The high-stage scroll compression mechanism 3 is formed of a known type of scroll compression mechanism that includes a supporting member 31 (also called a frame member or a bearing member) fixed to the sealed housing 10 and provided with a bearing 30 that supports the rotary shaft (crankshaft) 7, a fixed scroll member 32 and an orbiting scroll member 33 that have spiral wraps 32B and 33B protruding from end plates 32A and 33A, respectively, and that form a pair of compression chambers 34 by engaging the spiral wraps 32B and 33B to each other when mounted on the supporting member 31, an orbiting boss 35 that joins the orbiting scroll member 33 to an eccentric pin 7B provided at a shaft end of the rotary shaft 7 so as to cause the orbiting scroll member 33 to revolve in an orbit, a self-rotation preventing mechanism 36, such as an Oldham ring, which is provided between the orbiting scroll member 33 and the supporting member 31 and allows the orbiting scroll member 33 to revolve in an orbit while preventing it from self-rotating, a discharge valve 40 provided at the back face of the fixed scroll member 32, and a discharge cover 42 that is fixed to the back face of the fixed scroll member 32 and that forms a discharge chamber 41 between the discharge cover 42 and the fixed scroll member 32.
The aforementioned high-stage scroll compression mechanism 3 is configured to take the intermediate-pressure refrigerant gas discharged to the sealed housing 10 after being compressed by the low-stage rotary compression mechanism 2 into the compression chambers 34, compress this intermediate-pressure refrigerant gas until it reaches a high-temperature high-pressure state by revolving the orbiting scroll member 33 in an orbit, and then discharge the refrigerant gas into the discharge chamber 41 through the discharge valve 40. This high-temperature high-pressure refrigerant gas is guided from the discharge chamber 41 to the outside of the compressor, i.e., a refrigeration cycle side, through a discharge pipe 43. The supporting member 31 constituting the high-stage scroll compression mechanism 3 is fixed with a screw to a bracket 44 provided in the sealed housing 10.
A known positive-displacement oil pump 11 is fitted between the lowermost end of the rotary shaft (crankshaft) 7 and the lower bearing 23 of the low-stage rotary compression mechanism 2. This oil pump 11 is configured to pump up lubricating oil 12, which fills the bottom of the sealed housing 10, so as to forcedly supply the lubricating oil 12 to desired sections to be lubricated, such as the bearings in the low-stage rotary compression mechanism 2 and the high-stage scroll compression mechanism 3, through an oil hole 13 provided in the rotary shaft 7.
Furthermore, as shown in FIG. 2, an upper end of the rotor 6 constituting the electric motor 4 is provided with an oil separator plate 45 that is rotated integrally with the rotor 6. This oil separator plate 45 is formed of a disk that is mounted on a balance weight 46 (mounted by means of a spacer if there is no balance weight) provided at the upper end of the rotor 6; the disk has an outside diameter that ensures a slight gap against the inner periphery of a stator coil end 5A of the electric motor 4. A central section of the oil separator plate 45 is provided with a through-hole 47 through which the rotary shaft 7 extends.

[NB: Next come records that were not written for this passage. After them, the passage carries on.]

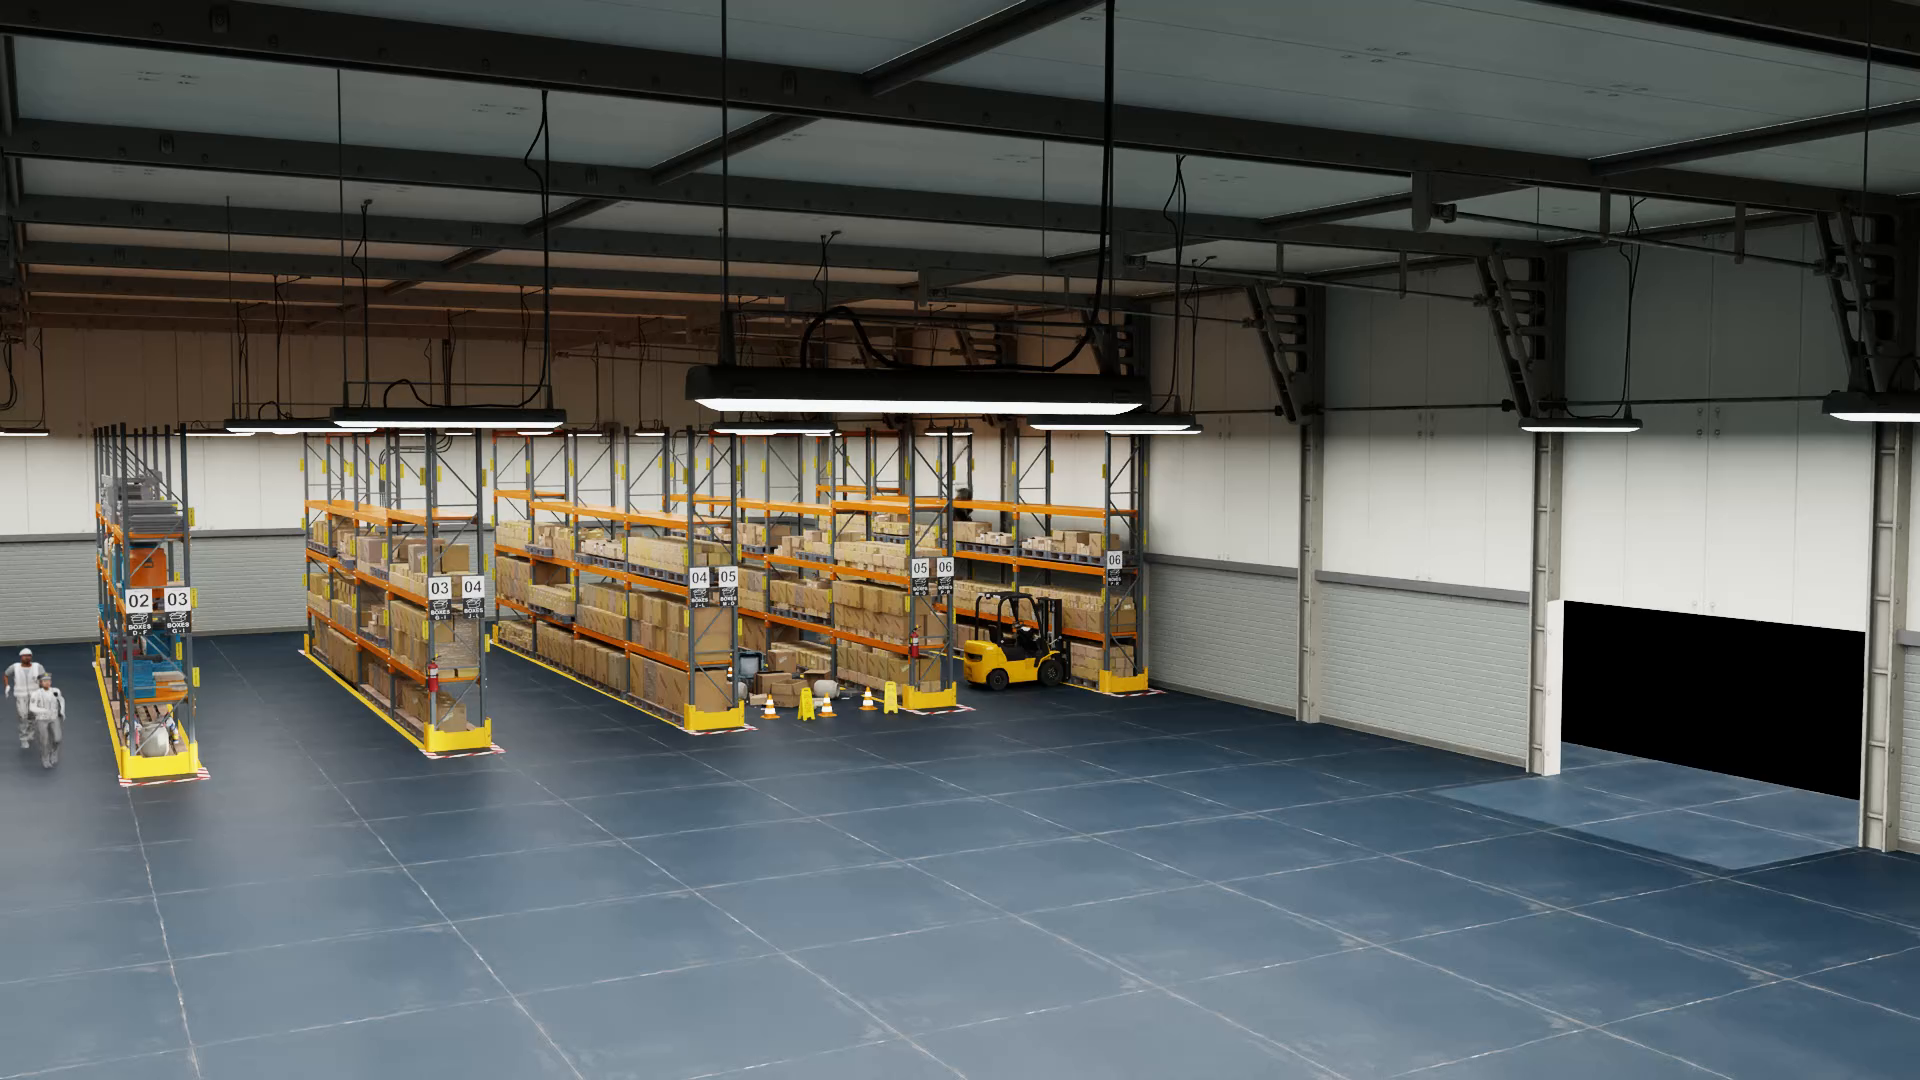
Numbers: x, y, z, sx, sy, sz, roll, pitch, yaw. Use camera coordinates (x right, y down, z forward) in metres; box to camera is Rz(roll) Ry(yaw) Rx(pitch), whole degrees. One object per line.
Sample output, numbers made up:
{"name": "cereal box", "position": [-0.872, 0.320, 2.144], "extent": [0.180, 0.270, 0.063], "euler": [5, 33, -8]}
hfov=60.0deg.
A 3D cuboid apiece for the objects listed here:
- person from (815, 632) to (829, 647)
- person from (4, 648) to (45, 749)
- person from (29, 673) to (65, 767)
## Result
{"name": "person", "position": [-3.719, 2.114, 45.025], "extent": [0.644, 1.741, 0.578], "euler": [-2, 4, -31]}
{"name": "person", "position": [-17.440, 2.944, 31.069], "extent": [0.670, 1.846, 0.804], "euler": [-3, 5, -40]}
{"name": "person", "position": [-15.847, 3.132, 28.938], "extent": [0.595, 1.660, 0.584], "euler": [-3, 5, -41]}
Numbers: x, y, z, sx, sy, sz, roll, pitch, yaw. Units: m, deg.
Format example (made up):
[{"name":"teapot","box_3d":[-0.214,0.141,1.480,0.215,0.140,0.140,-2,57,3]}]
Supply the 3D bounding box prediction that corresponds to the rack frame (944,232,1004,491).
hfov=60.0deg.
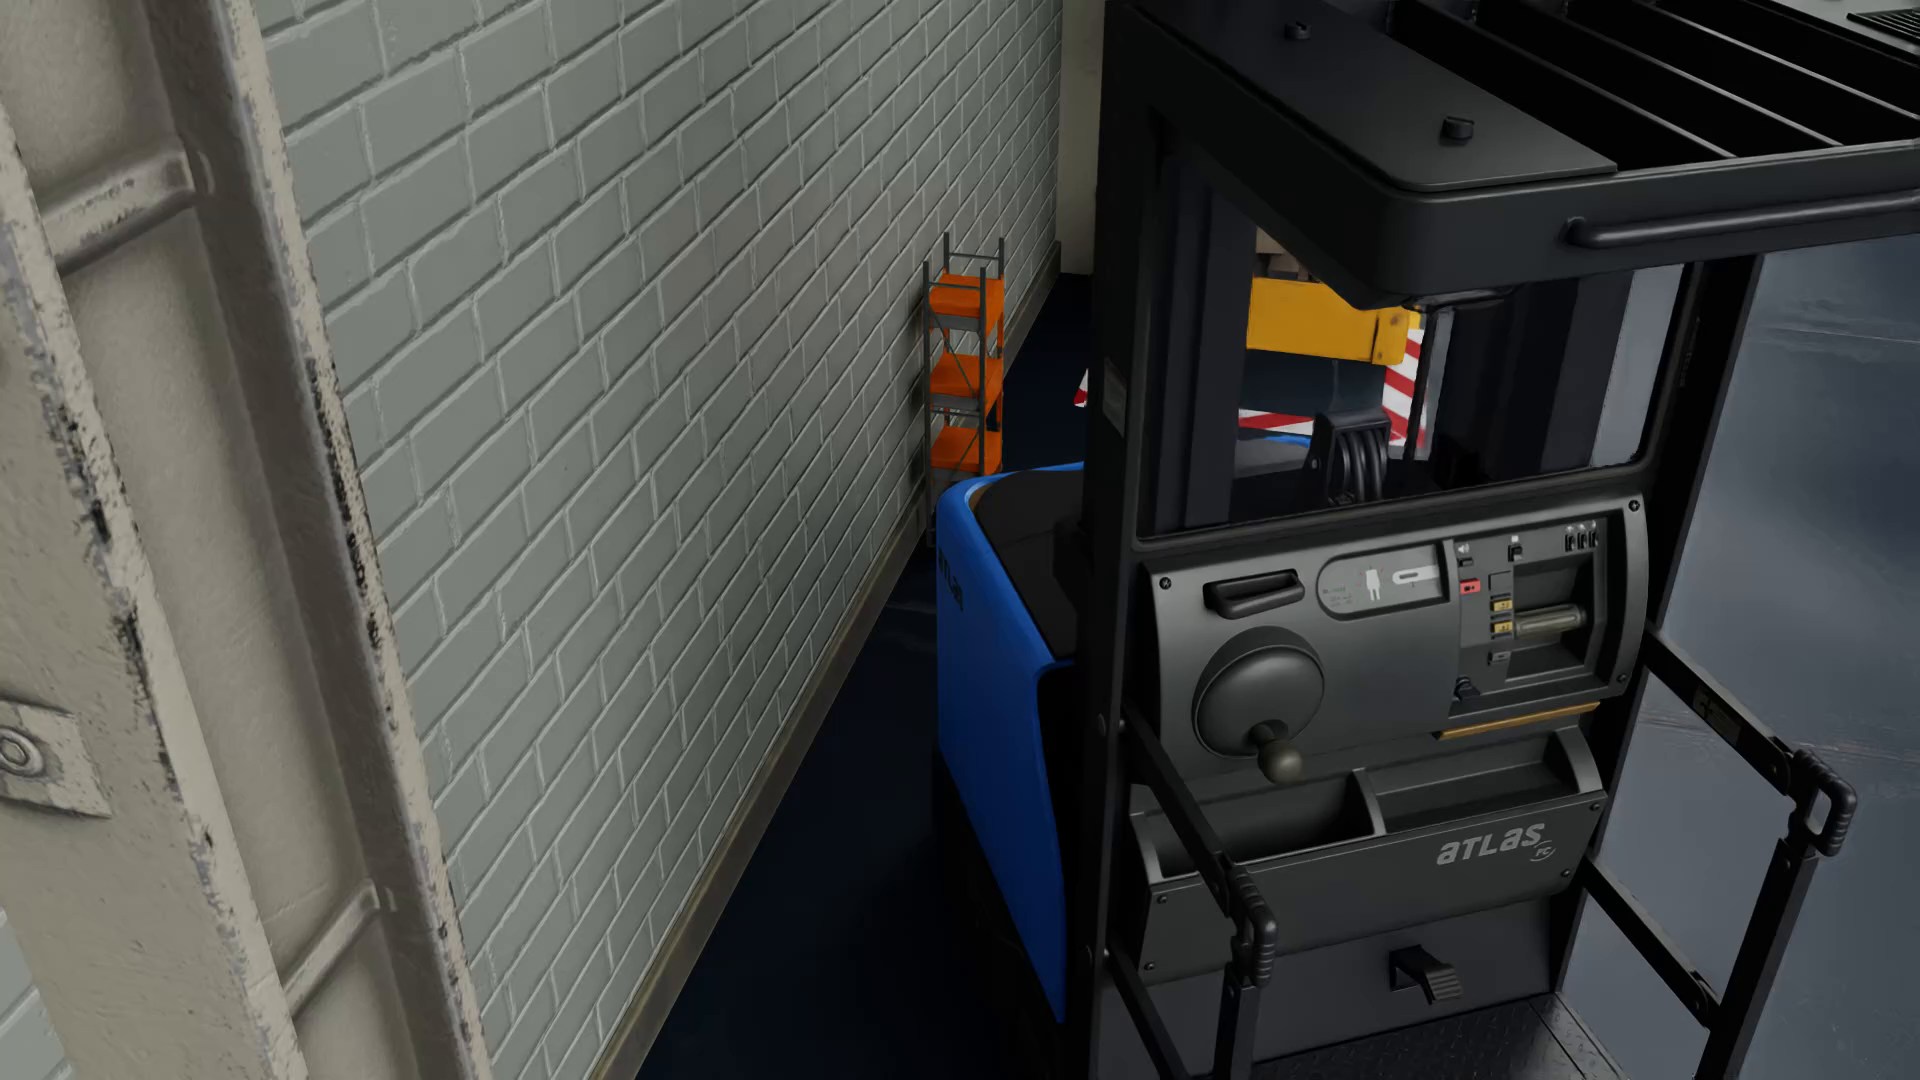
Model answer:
[{"name":"rack frame","box_3d":[0.045,-0.534,5.612,0.200,1.050,0.008,8,33,12]}]

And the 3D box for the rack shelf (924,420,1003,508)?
[{"name":"rack shelf","box_3d":[0.014,-0.227,5.667,0.215,0.259,0.240,8,33,12]}]

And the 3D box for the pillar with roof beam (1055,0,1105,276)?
[{"name":"pillar with roof beam","box_3d":[4.792,-4.540,4.503,9.100,9.000,0.400,8,33,12]}]

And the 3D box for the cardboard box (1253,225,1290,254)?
[{"name":"cardboard box","box_3d":[1.550,-1.511,7.427,0.500,0.311,0.500,4,33,7]}]

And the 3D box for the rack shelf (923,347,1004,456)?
[{"name":"rack shelf","box_3d":[0.014,-0.462,5.518,0.215,0.259,0.240,8,33,12]}]

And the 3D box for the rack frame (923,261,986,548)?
[{"name":"rack frame","box_3d":[-0.017,-0.408,5.412,0.200,1.050,0.008,8,33,12]}]

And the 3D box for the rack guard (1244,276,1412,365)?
[{"name":"rack guard","box_3d":[1.306,-1.098,7.011,1.175,0.500,0.348,8,33,12]}]

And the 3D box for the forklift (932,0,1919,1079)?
[{"name":"forklift","box_3d":[0.825,0.216,2.678,1.130,2.935,3.031,-9,33,-14]}]

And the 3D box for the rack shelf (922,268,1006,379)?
[{"name":"rack shelf","box_3d":[0.014,-0.701,5.365,0.215,0.259,0.240,8,33,12]}]

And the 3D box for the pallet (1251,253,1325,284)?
[{"name":"pallet","box_3d":[1.547,-1.393,7.744,1.003,0.211,1.213,8,33,12]}]

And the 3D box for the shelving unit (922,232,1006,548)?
[{"name":"shelving unit","box_3d":[0.014,-0.471,5.512,0.215,1.050,0.252,8,33,12]}]

This through-hole 47 has a size such that the inner peripheral edge thereof is located closer towards the center than the gas channel hole 6A provided in the rotor 6 and such that a gap formed between the inner peripheral edge and the outer peripheral surface of the rotary shaft 7 is made as small as possible.

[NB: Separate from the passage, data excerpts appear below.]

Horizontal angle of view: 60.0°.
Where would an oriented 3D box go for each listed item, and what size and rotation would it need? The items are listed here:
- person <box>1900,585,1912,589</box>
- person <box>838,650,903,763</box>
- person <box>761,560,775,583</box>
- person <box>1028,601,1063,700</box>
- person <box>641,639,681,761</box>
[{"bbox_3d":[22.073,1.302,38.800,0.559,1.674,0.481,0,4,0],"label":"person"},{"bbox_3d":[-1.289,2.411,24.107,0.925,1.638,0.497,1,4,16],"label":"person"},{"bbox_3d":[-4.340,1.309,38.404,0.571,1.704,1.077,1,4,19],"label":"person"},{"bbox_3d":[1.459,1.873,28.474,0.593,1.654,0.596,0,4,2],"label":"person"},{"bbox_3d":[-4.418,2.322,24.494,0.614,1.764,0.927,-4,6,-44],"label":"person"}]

With the above-described configuration, this embodiment provides the following advantages.
Low-temperature low-pressure refrigerant gas taken into the cylinder chamber 20 of the low-stage rotary compression mechanism 2 through the intake pipe 25 is compressed to intermediate pressure by the rotation of the rotor 24 and is subsequently discharged to the discharge chamber 26. This intermediate-pressure refrigerant gas is discharged from the discharge chamber 26 to a space below the electric motor 4 and then flows to the space above the electric motor 4 by passing through, for example, the gas channel hole 6A provided in the rotor 6 of the electric motor 4.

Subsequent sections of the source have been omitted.